Even Licensed Crypto Exchanges Can Fail: Singapore Regulator Explains Action Against Binance vs. FTX

The central bank of Singapore, the Monetary Authority of Singapore (MAS), released a statement this week “to clarify some misunderstandings that have emerged following the FTX.com (FTX) incident.”

The central bank clarified: “A first misperception is that local consumers who interacted with FTX may be protected. Since FTX operates offshore and is not licensed by MAS, MAS is unable to do this.

The MAS then went on to explain why it chose to take action against Binance rather than FTX. The former was added on the Investor Alert List (IAL) of the central bank, whilst the latter was not. The regulatory body explained:

Even while neither Binance nor FTX have local licenses, there is a noticeable distinction between the two: Binance actively sought consumers in Singapore, whilst FTX did not.

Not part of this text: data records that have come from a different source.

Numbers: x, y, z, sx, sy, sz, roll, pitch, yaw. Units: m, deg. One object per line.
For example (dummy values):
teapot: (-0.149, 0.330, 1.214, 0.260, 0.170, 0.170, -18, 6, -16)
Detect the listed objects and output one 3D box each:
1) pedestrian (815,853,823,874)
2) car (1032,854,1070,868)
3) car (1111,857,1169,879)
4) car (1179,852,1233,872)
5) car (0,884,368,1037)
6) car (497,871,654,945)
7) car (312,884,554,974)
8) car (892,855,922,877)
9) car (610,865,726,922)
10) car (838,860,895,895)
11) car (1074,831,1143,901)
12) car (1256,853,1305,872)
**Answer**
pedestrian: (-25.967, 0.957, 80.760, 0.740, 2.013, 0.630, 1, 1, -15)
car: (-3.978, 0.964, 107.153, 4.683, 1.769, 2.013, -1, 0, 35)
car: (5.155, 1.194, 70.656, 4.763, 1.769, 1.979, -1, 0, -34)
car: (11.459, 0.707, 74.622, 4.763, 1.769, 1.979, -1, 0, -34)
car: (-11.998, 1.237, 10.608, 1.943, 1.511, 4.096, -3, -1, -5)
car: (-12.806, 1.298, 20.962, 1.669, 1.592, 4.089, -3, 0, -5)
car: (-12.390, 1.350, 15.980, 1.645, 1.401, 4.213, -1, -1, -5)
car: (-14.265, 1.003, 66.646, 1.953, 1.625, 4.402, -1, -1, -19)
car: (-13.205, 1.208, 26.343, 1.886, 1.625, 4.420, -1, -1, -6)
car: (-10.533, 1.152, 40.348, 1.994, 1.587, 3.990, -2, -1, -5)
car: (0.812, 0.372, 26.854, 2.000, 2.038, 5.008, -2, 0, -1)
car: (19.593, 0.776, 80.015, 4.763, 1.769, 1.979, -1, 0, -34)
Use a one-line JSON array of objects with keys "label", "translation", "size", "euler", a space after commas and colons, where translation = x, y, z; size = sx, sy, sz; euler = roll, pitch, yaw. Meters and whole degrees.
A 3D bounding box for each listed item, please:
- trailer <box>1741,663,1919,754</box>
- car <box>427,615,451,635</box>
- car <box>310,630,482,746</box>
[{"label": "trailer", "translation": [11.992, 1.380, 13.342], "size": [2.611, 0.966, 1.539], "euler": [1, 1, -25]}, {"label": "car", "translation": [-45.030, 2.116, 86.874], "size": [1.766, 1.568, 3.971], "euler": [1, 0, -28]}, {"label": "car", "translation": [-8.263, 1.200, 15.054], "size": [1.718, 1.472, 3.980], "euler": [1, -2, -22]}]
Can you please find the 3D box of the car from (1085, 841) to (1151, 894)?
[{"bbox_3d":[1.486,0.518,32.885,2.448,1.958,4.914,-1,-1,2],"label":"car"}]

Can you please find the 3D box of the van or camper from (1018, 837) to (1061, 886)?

In September of last year, the MAS issued a directive ordering Binance to stop offering payment services to Singaporeans. The cryptocurrency exchange discontinued its exchange services in the city-state a few months later.

The central bank emphasized that Binance “in fact went to the extent of offering listings in Singapore dollars and accepting Singapore-specific payment mechanisms like as Paynow and Paylah,” noting that between January and August 2021, it received multiple complaints regarding Binance. According to the MAS,

Due to Binance’s unauthorized solicitation of Singaporean users, MAS added Binance to the IAL. Additionally, upon MAS’ referral, the Commercial Affairs Department started looking into Binance for potential Payment Services Act violations (PS Act). Since there was no proof that FTX had broken the PS Act, there was no justification for listing it on the IAL.

The regulator made the following statement regarding FTX in particular: “There was no evidence that it was specifically courting Singapore users. Singapore dollars could not be used to make trades on FTX. However, Singaporeans were able to use FTX services online, just like thousands of other foreign financial and crypto companies.

According to a recent study, after Binance discontinued operations in Singapore, its consumers migrated to FTX. Before the exchange’s demise, more people from Singapore than any other nation—aside from South Korea—were accessing the FTX.com website.

The MAS cautioned: Dealing in any cryptocurrency, on any platform, is risky and investors “may lose all their money,” noting that this is “The most essential lesson from the FTX catastrophe.”

Crypto exchanges can and do go under. Even if a cryptocurrency exchange were granted a license in Singapore, it would still only be subject to regulation to address issues of money laundering and not to safeguard investors.

The MAS further stressed that “Cryptocurrencies themselves are highly volatile and many of them have lost all value… The continuous unrest in the cryptocurrency market serves as a reminder of the enormous risks involved in doing business with cryptocurrencies.

Temasek, a subsidiary of the Singaporean government, wrote off its $275 million investment in the cryptocurrency startup after FTX’s collapse. Singapore has been enforcing stringent regulations in an effort to lower risks for individual cryptocurrency investors.